So, to your shock and amazement, I haven't been lighting up ye ole' Information Superhighway since I've been back. I'm sure my one remaining reader has noticed.
Why? My life has been one nasty ass tangled up ball of twine. My first impressions when I came back were largely about how cold and green everything was here, how good the food was, and how fat all the Americans looked.
Now? I'm irritated a lot. Really irritated. Everything used to wash over me pretty good, and I'd occasionally get depressed, but not like this. No more running around the house singing and dancing and happy. No more funny made up songs, poetry, stories. More like yelling in traffic, and stopping myself from punching people out in stores. (I'm looking at you, you bad parking job sack-o'-shit...) Blech. Being in Tacoma doesn't help.
I get mad over small stuff, and maybe worst of all, I think I may be forgetting things. (Joy thinks so anyways...) I don't forget anything. Ever. In fact, I'm the most annoying trivia junkie, history/movie buff you've never played Trivial Pursuit with. I used to be able to get in an argument and tell you word for word what was said in a conversation three years ago and be dead right. Hear five seconds of dialogue and identify a movie. Not these days.

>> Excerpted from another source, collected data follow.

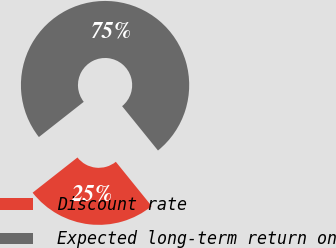Convert chart to OTSL. <chart><loc_0><loc_0><loc_500><loc_500><pie_chart><fcel>Discount rate<fcel>Expected long-term return on<nl><fcel>25.23%<fcel>74.77%<nl></chart> 
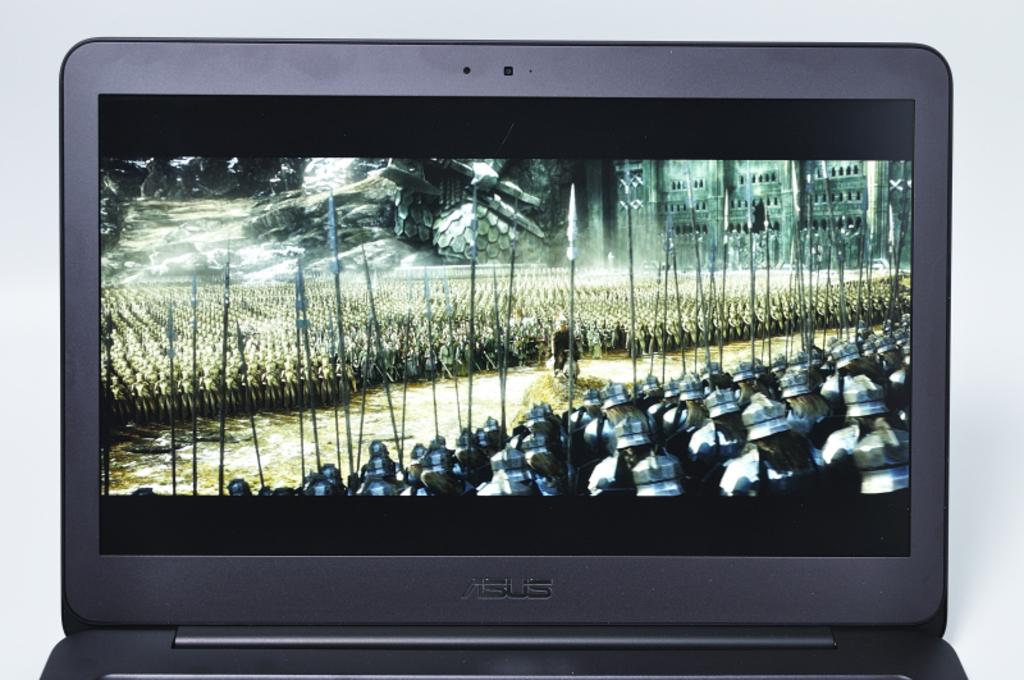<image>
Summarize the visual content of the image. A picture of many soldiers on the display of an ASUS laptop 
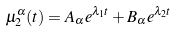<formula> <loc_0><loc_0><loc_500><loc_500>\mu ^ { \alpha } _ { 2 } ( t ) = A _ { \alpha } e ^ { \lambda _ { 1 } t } + B _ { \alpha } e ^ { \lambda _ { 2 } t }</formula> 
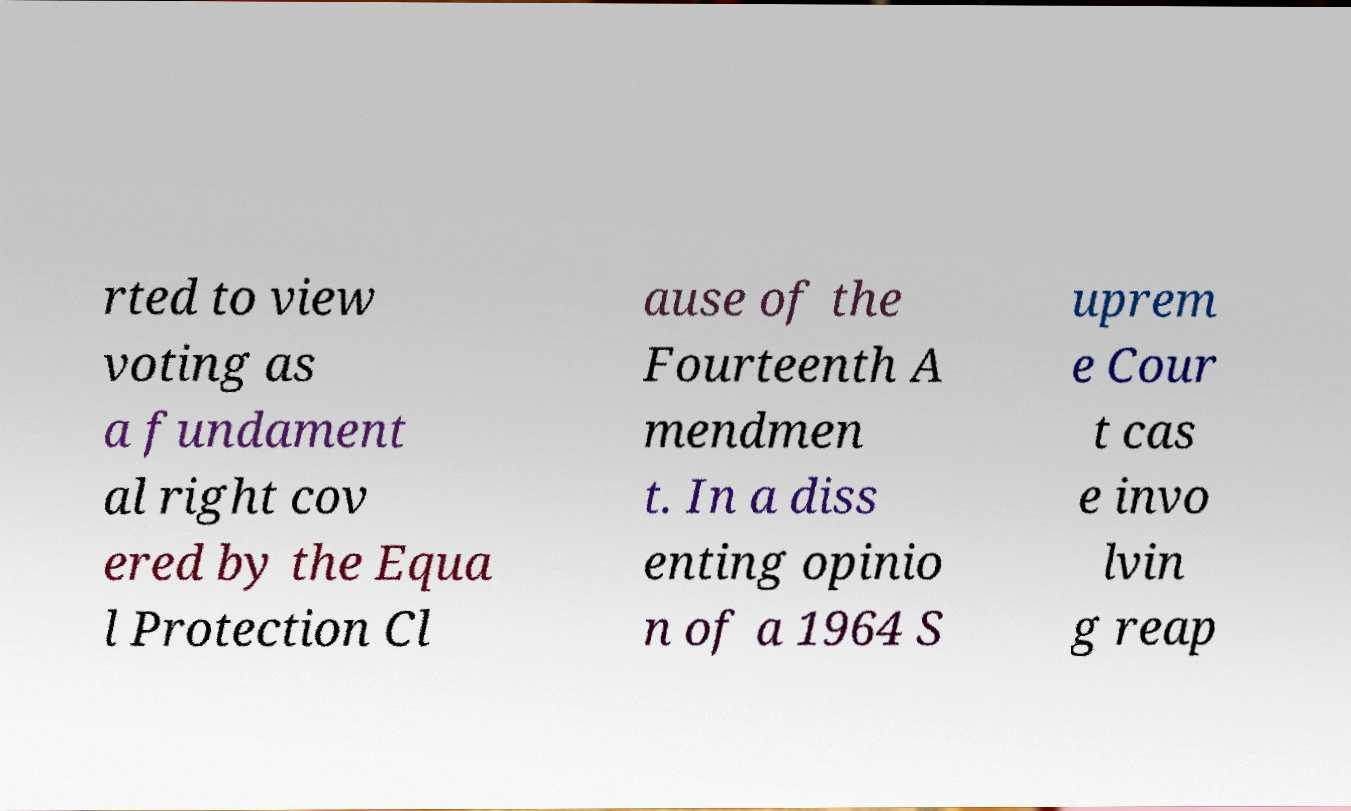There's text embedded in this image that I need extracted. Can you transcribe it verbatim? rted to view voting as a fundament al right cov ered by the Equa l Protection Cl ause of the Fourteenth A mendmen t. In a diss enting opinio n of a 1964 S uprem e Cour t cas e invo lvin g reap

My marriage has the hiccups, on again, off again, (my fault as much as hers, she started it, but she's doing better, and I'm still a jackass) and I'm especially worried about what I'm going to do in two months when I get out. It seems like the only things I'm readily qualified to do, are to go back into government service, doing something vaguely paramilitary like law enforcement, dea, border patrol, something like that. I could go back to school, and even have money from the army for it, but how to make a living in the meantime? Especially during the lag before the VA hooks up the money. In a year or two of working, I'll have enough capital to be able to open a business, but for now?
I was proud mostly of what I did over there, but a lot of it still haunts me. A lot of the time I wish I was still there. Or that I didn't come back. It would beat being here. It's nothing like ptsd. No tbis, none of that crap. The only real action I saw was the usual mortars and rockets, and when you're someplace they hit five or six times a day, after awhile you can ignore them, or sleep right through them. Nothing you could call combat.
Some of it was being gone so much this enlistment. About six or seven months home this time in coming up on three years. Last enlistment I was gone maybe one third of the time. My cat doesn't even know me anymore. He pisses on everything because he's stressed out, and maybe because I smell different, which in his mind equals stranger. Yuck. (on the otherhand, the dog I don't like loves me....) I feel like a stranger in my own house. Detached.
Don't want any fuzzy headed, make you a blissful mess, seratonin reuptake inhibitor junkie, jive-ass shit. Fuck those lotus eaters. And don't trust the Army doctors and chaplins any further than I could throw a Bradley, civilians or not. Kiss your clearance goodbye, maybe get locked up, maybe kicked out, and their confidentiality is a laugh. Besides? Who wants to talk to someone professionally impartial? As if they were. If they could make it in the real world, they wouldn't be working for the Army.
What's the cure rate, doc? About 25 percent still? A medical doctor would get their ass sued off with that kind of fail rate. But that's okay. Keep medicating society's problems into oblivion. We're the Prozac Nation with Paxilated dreams and the Xanax fairy to grant wishes. The symptoms and the disease are the same anyways, right? (P.S. With or without medication, depression still has a mortality rate of 15 percent. Isn't that depressing?)
So what's the solution? Keep on muddling on for now. Try to hold it together. Love my family the best I can. And blurt out this cathartic, vomitous mass to the world in a wretched and pathetic appeal for sympathy from anonymous internet strangers. Mostly. (Hi, mom!) Also, guitar and knitting both help. Hope, when you can. Hi, ya'll.